AIM OF THE EXERCISE: Given the entries that follow, write out exactly the lines starting at the one containing "Provide a succinct answer. 1. What" and ending at the one containing "Turkmenistan in 2005 to that in 2007?", both ends included, and only those.

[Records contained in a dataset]
_ _ _ _ _
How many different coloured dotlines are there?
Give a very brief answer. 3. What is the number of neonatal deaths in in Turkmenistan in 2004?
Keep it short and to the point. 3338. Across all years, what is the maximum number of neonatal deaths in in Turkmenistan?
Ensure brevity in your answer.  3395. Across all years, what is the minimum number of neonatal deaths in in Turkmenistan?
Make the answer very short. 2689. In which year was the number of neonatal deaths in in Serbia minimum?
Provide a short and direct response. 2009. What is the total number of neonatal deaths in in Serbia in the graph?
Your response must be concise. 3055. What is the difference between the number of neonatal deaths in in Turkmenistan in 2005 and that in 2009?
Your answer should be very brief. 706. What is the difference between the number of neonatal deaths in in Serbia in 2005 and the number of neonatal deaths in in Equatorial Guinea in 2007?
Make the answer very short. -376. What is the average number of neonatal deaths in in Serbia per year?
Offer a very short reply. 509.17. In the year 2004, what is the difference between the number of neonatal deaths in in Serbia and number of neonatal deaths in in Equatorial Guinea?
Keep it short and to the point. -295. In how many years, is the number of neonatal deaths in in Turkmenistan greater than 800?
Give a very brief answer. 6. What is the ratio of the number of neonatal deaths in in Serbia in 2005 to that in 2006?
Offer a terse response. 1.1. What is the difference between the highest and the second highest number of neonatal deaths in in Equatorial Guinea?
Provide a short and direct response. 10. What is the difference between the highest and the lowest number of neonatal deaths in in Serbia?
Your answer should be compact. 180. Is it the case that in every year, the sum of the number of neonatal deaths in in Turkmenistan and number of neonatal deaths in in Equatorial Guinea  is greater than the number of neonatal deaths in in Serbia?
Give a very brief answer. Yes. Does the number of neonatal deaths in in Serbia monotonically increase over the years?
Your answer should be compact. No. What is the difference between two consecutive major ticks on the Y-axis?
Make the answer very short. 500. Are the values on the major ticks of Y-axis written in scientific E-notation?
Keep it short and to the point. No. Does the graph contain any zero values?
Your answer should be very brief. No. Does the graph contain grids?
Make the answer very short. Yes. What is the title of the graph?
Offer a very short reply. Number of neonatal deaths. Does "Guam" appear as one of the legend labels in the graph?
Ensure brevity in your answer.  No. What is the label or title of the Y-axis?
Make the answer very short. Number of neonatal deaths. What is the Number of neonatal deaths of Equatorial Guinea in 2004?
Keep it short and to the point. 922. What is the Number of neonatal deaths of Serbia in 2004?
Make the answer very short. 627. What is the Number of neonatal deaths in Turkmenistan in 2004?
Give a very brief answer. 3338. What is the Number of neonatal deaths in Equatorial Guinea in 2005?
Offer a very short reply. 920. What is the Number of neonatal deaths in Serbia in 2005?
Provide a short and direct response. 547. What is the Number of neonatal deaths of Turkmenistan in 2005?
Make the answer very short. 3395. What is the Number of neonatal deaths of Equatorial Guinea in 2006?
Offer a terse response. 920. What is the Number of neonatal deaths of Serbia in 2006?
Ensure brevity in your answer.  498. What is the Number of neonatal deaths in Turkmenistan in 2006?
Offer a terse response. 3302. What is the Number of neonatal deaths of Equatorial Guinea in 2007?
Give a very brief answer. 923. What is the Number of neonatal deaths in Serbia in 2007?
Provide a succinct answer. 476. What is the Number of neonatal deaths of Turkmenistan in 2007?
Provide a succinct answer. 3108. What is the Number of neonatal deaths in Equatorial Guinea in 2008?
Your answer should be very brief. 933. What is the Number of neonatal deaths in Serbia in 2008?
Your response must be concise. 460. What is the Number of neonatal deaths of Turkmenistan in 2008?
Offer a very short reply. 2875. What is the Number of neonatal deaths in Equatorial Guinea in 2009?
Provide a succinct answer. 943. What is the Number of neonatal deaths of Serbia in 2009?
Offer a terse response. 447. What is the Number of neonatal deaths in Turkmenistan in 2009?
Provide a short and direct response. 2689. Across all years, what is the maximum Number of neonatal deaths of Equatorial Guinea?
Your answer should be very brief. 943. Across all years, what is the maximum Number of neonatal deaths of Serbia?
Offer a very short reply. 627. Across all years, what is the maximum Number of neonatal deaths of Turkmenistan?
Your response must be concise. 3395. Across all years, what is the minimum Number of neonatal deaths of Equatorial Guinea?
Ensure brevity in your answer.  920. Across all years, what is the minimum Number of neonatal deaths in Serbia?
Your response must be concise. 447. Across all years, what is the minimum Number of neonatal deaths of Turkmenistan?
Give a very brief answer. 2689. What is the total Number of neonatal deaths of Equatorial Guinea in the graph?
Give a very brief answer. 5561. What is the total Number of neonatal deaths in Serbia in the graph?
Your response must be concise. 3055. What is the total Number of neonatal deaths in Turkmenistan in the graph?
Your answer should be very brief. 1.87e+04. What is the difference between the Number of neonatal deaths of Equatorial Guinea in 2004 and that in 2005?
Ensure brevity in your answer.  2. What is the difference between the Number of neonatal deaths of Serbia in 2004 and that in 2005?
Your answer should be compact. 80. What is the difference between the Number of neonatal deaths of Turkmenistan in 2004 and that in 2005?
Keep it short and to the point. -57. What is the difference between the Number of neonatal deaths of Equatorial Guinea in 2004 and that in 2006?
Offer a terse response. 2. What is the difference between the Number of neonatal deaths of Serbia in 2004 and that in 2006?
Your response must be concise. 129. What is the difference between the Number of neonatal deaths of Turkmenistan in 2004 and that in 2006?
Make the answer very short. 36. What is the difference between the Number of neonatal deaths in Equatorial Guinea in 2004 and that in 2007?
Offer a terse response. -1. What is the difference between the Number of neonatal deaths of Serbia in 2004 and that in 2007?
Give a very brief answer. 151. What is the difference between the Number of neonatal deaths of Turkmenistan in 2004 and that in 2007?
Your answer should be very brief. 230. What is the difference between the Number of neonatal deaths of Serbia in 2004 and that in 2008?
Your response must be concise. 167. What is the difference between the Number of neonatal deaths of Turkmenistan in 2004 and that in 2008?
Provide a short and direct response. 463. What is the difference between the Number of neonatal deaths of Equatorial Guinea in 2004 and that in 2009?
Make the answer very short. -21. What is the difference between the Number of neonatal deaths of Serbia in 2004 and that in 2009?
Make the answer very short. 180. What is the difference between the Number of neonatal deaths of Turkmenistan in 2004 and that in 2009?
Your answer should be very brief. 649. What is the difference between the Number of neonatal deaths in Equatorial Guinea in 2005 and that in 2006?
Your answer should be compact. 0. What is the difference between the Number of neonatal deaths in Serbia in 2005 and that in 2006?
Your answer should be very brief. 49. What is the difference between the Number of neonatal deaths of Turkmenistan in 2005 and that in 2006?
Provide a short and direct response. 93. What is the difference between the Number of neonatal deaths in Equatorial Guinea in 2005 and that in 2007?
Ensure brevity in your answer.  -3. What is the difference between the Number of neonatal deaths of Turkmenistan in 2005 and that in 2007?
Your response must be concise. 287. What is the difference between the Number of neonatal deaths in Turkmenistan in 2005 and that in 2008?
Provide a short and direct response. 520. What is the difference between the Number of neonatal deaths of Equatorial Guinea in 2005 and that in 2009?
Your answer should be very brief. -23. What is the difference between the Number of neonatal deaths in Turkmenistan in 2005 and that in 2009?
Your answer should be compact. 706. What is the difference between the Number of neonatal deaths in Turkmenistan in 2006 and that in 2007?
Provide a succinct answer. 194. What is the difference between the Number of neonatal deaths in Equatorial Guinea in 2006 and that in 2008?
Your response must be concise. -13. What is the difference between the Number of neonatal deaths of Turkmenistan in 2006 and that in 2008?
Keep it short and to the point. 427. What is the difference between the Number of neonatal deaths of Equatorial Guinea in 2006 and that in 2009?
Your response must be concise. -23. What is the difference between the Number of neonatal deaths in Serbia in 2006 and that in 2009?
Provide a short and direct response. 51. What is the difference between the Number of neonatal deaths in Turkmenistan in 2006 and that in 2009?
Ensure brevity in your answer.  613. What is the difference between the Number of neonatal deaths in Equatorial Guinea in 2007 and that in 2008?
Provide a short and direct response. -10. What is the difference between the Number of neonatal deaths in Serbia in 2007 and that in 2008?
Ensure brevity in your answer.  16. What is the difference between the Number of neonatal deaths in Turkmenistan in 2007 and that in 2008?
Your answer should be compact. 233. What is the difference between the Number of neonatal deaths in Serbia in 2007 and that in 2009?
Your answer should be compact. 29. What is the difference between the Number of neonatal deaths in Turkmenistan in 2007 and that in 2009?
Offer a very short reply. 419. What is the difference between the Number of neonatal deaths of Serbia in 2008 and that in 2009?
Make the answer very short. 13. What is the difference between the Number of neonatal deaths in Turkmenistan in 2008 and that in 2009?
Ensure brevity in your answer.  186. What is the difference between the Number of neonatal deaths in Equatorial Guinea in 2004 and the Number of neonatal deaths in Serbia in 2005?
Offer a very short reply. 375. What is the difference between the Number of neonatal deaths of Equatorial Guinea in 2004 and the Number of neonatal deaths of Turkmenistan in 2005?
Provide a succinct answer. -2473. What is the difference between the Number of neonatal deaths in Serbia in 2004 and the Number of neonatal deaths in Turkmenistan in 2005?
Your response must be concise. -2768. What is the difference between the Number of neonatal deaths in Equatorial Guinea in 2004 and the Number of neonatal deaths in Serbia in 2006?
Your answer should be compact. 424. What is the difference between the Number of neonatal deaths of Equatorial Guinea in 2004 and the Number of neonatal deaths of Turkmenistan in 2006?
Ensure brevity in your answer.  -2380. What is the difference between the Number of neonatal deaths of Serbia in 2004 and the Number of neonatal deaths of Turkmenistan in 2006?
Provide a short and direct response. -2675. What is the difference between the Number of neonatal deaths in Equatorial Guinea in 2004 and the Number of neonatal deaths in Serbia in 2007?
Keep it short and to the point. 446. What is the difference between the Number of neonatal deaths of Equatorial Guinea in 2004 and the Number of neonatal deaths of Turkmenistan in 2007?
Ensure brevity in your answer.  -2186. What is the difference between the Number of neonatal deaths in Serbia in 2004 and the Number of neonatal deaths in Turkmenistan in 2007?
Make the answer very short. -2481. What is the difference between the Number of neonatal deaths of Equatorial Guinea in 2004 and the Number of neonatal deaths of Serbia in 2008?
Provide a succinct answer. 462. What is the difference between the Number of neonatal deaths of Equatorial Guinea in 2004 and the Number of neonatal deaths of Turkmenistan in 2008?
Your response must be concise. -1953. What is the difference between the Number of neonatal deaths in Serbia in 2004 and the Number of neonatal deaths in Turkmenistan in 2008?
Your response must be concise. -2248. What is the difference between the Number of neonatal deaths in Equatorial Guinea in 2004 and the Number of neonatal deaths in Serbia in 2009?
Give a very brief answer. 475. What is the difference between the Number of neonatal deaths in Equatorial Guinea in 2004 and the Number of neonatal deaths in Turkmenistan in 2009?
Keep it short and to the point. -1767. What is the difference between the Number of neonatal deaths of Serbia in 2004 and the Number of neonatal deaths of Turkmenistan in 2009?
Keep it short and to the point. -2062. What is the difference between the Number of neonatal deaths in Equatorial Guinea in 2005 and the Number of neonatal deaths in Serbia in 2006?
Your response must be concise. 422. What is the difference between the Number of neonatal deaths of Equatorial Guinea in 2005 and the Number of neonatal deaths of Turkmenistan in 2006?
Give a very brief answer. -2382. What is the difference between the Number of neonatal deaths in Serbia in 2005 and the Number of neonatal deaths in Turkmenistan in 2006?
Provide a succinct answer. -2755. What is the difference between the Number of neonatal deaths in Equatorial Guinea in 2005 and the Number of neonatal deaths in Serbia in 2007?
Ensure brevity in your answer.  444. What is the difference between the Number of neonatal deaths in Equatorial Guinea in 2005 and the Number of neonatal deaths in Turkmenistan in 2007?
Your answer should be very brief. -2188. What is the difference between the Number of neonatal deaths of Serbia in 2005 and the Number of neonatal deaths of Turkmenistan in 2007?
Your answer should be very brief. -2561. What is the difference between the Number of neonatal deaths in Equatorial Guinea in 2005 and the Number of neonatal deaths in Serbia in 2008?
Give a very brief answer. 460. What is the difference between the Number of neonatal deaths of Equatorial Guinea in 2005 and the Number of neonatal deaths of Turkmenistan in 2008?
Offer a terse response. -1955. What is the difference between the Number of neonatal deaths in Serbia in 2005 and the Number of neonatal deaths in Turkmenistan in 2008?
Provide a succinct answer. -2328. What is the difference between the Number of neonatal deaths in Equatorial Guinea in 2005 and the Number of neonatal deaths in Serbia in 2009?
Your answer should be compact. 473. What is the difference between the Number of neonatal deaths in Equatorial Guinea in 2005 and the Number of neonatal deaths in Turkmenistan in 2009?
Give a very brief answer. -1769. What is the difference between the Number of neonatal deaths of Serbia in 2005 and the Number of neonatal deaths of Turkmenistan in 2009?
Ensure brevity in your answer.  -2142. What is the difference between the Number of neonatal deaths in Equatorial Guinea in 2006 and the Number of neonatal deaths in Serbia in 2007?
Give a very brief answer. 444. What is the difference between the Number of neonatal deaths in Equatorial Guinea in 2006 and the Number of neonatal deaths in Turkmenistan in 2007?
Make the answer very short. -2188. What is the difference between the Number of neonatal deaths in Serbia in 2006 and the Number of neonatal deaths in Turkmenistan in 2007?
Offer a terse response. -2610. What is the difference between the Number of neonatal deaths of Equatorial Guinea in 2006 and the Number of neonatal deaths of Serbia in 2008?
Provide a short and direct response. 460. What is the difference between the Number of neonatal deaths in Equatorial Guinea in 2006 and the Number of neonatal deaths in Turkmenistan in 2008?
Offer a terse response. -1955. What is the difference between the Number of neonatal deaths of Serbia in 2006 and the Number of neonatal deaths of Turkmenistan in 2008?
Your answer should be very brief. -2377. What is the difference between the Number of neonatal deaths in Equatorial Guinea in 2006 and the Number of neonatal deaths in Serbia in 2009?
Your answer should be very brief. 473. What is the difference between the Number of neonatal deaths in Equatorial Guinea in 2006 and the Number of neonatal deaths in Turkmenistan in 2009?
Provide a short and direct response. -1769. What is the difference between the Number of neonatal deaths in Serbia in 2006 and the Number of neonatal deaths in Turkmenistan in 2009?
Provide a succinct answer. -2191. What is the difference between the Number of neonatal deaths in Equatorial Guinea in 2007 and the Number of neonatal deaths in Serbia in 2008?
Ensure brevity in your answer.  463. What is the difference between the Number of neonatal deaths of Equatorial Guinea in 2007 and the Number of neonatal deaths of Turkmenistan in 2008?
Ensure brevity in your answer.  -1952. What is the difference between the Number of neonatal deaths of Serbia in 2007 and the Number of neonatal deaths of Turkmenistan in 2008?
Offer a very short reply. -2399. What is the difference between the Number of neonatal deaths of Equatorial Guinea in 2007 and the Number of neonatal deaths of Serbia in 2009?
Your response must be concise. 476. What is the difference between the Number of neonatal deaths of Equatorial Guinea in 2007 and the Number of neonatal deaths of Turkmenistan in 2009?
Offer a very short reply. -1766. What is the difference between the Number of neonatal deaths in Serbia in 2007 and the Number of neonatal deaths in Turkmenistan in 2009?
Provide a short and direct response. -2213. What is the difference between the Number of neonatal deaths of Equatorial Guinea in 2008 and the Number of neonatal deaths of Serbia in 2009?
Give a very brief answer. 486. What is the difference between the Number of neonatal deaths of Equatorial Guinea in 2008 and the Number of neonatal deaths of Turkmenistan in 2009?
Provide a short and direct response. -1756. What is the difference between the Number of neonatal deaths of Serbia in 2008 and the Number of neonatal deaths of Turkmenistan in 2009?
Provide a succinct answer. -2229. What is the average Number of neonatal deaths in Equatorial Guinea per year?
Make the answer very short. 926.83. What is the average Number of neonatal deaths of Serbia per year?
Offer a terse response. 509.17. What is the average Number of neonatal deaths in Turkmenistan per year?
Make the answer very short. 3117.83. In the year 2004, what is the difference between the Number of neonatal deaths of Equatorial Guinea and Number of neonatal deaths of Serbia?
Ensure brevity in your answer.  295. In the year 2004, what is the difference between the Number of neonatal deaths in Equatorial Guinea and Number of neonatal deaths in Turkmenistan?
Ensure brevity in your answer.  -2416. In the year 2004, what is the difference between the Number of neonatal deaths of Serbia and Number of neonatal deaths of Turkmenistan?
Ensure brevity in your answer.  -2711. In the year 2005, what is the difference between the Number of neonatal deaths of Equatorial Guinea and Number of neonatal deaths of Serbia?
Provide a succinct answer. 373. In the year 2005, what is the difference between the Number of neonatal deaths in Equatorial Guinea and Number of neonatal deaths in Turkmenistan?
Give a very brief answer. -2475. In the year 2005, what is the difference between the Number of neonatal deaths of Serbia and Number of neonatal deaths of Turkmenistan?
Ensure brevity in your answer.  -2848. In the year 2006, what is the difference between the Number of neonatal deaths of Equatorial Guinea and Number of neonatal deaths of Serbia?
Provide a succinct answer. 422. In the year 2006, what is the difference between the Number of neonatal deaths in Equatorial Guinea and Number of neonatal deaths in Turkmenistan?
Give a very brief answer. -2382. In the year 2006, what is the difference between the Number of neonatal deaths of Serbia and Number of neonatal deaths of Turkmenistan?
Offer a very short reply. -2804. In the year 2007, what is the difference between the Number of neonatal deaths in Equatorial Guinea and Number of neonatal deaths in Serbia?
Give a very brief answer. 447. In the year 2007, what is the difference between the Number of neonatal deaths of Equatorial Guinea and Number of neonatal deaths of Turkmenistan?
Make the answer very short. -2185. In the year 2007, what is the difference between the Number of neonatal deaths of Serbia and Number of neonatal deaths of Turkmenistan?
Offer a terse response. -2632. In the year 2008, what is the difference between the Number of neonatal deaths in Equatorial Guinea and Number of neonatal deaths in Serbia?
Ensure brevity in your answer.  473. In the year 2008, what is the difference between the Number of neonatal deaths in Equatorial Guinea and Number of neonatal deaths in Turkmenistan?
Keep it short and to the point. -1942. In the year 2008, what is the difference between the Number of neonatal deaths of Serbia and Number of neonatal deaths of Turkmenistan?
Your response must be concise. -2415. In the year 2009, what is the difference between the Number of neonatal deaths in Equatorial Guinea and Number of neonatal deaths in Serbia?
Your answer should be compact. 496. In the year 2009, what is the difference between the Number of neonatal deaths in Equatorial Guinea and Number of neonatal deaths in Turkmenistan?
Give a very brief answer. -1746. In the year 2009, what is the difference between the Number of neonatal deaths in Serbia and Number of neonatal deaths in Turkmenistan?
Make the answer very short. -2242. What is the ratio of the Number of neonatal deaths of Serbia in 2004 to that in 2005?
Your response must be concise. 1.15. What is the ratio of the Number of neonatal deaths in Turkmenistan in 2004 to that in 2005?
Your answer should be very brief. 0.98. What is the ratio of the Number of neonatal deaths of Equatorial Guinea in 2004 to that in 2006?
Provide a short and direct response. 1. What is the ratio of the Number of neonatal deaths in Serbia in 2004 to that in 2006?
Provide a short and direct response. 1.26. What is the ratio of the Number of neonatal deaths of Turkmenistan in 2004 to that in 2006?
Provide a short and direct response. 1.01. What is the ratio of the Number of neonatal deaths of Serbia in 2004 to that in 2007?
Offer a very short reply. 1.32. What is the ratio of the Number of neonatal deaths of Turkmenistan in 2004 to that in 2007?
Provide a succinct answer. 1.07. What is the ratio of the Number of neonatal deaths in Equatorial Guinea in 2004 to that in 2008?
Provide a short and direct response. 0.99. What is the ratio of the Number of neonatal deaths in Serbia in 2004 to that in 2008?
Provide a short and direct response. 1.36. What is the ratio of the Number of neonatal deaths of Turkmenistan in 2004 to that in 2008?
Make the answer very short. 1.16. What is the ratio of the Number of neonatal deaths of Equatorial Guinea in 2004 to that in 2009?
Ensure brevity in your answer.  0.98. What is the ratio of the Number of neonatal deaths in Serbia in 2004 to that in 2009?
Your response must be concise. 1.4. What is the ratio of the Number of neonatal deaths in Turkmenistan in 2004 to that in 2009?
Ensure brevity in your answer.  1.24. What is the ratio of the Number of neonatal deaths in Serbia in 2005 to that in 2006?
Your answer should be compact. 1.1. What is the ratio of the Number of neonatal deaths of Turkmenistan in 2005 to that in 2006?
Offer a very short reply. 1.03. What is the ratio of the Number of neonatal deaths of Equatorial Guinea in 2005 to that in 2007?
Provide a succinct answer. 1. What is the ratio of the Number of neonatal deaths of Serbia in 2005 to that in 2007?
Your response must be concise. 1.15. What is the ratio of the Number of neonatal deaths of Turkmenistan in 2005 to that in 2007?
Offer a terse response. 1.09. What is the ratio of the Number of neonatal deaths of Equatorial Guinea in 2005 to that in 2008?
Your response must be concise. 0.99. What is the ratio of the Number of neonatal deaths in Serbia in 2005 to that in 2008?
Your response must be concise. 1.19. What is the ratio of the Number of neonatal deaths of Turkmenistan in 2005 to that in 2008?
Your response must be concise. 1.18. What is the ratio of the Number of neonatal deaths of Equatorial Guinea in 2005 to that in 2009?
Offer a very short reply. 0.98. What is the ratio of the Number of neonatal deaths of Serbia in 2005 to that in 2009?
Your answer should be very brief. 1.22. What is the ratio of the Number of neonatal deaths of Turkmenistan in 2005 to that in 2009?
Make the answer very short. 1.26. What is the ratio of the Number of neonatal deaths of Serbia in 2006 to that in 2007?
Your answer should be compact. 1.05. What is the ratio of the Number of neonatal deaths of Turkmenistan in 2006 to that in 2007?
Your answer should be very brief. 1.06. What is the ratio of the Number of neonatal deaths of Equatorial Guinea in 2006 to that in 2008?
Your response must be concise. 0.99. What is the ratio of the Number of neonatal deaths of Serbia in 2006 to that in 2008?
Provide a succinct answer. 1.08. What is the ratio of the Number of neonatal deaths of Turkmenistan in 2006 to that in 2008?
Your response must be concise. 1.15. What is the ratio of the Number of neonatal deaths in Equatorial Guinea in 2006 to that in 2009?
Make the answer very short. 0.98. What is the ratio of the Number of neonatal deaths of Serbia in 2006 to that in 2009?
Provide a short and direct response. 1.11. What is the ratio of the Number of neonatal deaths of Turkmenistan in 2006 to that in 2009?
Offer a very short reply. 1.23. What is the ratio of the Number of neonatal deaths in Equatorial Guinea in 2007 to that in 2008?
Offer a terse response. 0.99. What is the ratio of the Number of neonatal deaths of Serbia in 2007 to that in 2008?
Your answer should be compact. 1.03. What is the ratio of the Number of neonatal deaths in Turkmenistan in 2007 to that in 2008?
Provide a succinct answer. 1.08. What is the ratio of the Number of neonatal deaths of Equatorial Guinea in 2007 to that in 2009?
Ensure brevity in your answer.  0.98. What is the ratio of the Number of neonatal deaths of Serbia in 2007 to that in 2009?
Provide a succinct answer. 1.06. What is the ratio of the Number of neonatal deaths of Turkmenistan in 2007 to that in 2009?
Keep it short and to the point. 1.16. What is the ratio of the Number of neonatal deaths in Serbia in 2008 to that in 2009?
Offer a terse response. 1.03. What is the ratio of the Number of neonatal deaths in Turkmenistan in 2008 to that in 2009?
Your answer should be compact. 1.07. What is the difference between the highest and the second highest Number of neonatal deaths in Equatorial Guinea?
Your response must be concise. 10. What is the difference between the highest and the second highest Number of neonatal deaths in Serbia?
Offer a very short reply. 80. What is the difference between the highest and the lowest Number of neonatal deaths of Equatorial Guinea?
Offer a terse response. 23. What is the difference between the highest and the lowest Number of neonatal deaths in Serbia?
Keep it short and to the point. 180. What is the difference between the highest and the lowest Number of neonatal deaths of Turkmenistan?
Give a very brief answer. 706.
_ _ _ _ _
RESPONSE AREA:
Provide a succinct answer. 1. What is the ratio of the Number of neonatal deaths of Serbia in 2005 to that in 2007?
Your response must be concise. 1.15. What is the ratio of the Number of neonatal deaths of Turkmenistan in 2005 to that in 2007?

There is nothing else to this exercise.